Beyond the typical, callous behavior of the media is world where careers are dependent on access to power--which naturally modifies behaviors so as not to piss off power. Many have written on this. Law enforcement benefits from this just as much as it benefits when a cop escapes prosecution or indictment in the criminal justice system. The court of public opinion still influences us and is shaped by media, even as traditional media is slowly giving way to a more decentralized, social media oriented world.

This isn't to say new media still isn't blindingly white or deferential to power, but it has meaningfully democratized how we get information. Criminal justice media is still the worst, though. Predominantly white and male, especially up the editorial ladder, and supremely dependent on police and prosecutors for information, criminal justice media coverage is particularly twisted. Writer Daryl Kahn called it out last year during a radio interview but I've seen it firsthand in our campaigns against Bratton and the city council. Reporters, most of whom are unfamiliar with poor communities other than what they see on the police blotter, usually reprint official accounts and cover the broader politics like a soap opera: who's fighting with who, whose approval ratings are down, etc.

Missing most of the time are critical voices of those most affected: the poor, the marginalized.
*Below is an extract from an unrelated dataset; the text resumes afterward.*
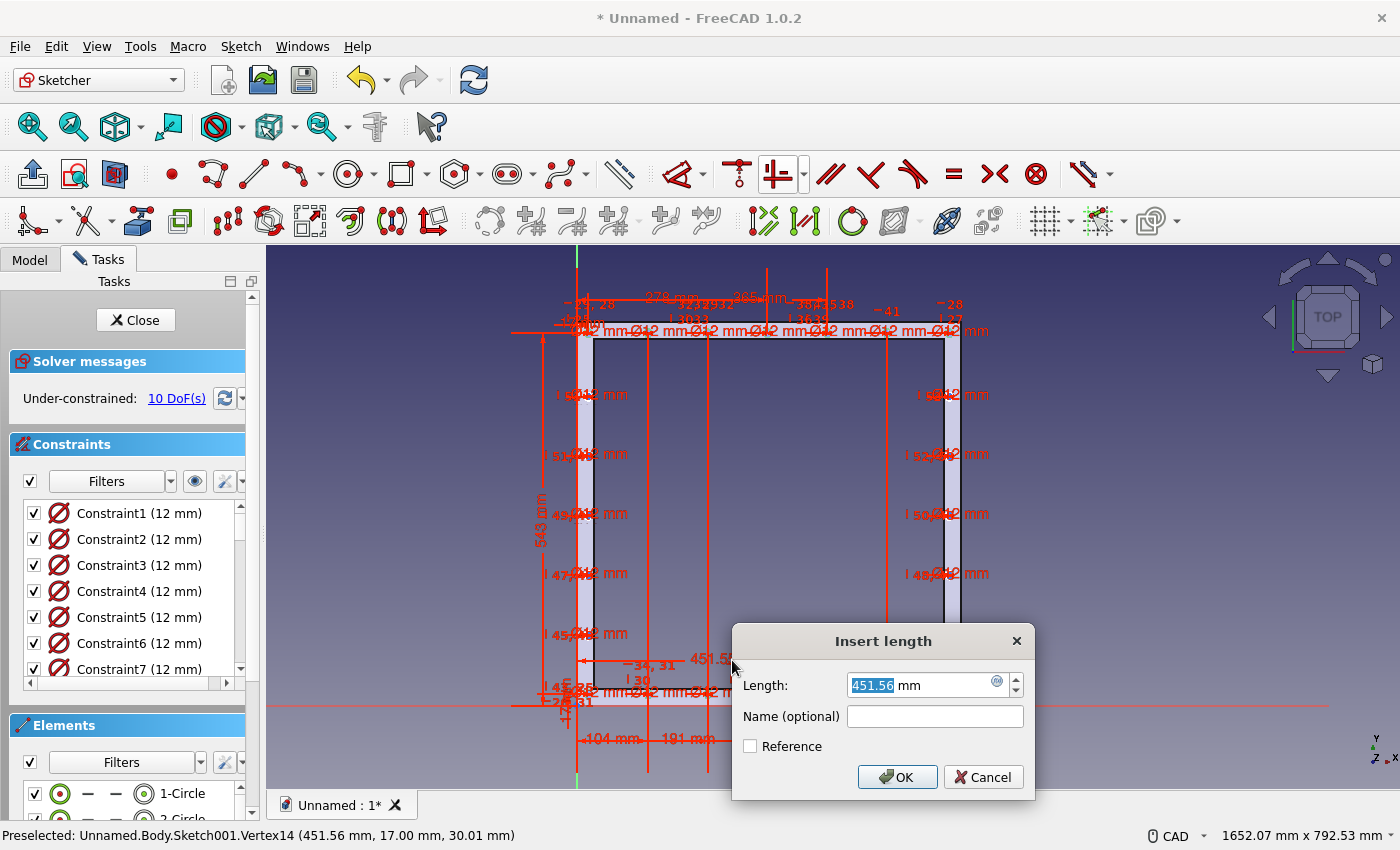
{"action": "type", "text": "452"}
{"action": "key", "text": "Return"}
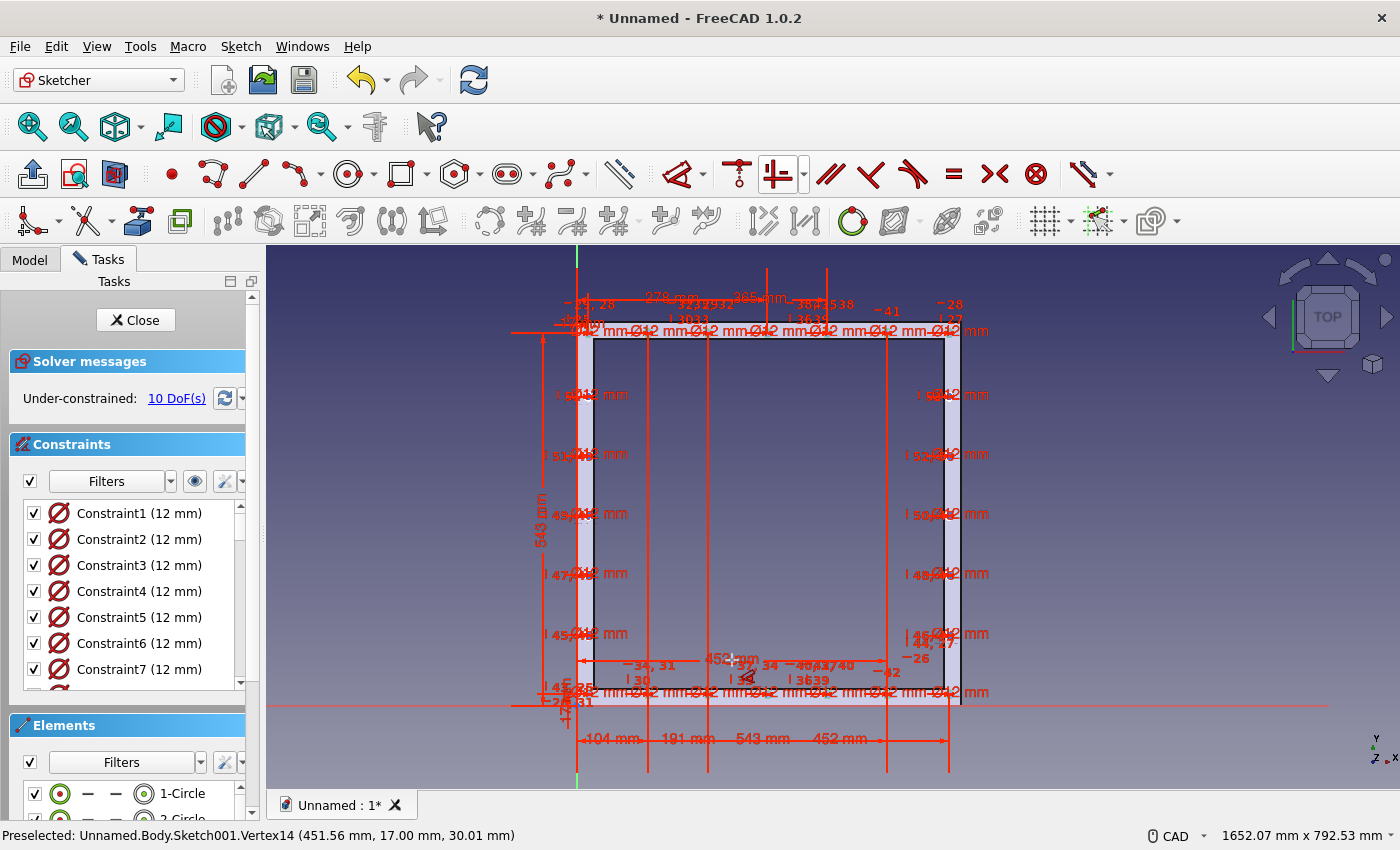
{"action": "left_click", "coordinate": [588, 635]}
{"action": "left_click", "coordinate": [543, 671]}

John Collado, perhaps, isn't widely known because he was barely a blip on the media radar. For a short amount of time reporters and even some politicians shuffled over to his family to cover a headline, maybe a hashtag. However without the massive protests like those that made Mike Brown, Eric Garner and even Trayvon Martin nationally-recognizable names, Collado was just a byline for reporters. After that it's up to people to carry his name.

But perhaps it's also up to people to become our own media and get the facts out on so many of these cases. We're already creating media through filming the police, why not create systems that can carry that further? Citizen journalism wouldn't only boost copwatching efforts, it would only enhance journalism as an institution. Clearly those on the frontlines of police aggression are poised to better inform us of what's happening than a gaggle of white journalism graduates emailing their stories to their white editors hunched over a laptop at a Starbucks.

Gothamist (which I'll credit with doing some more interesting, independent reporting) followed up on the Collado case last month. The website, which struggled for years to be recognized as press by the NYPD, even included footage of an action marking Collado's birthday. He would have been 47. The action divulged information about his murder you'd be hard pressed to find elsewhere. You certainly won't find that type of information in the majority of an attention-challenged media that covers cases of police brutality and killings on a case by case basis.

John Collado's family is waiting on the Department of Justice to intervene in John Collado's case. They appealed to the feds in 2012.

Joshua Lopez, meanwhile, has made a new sign honoring his uncle and other victims of police brutality.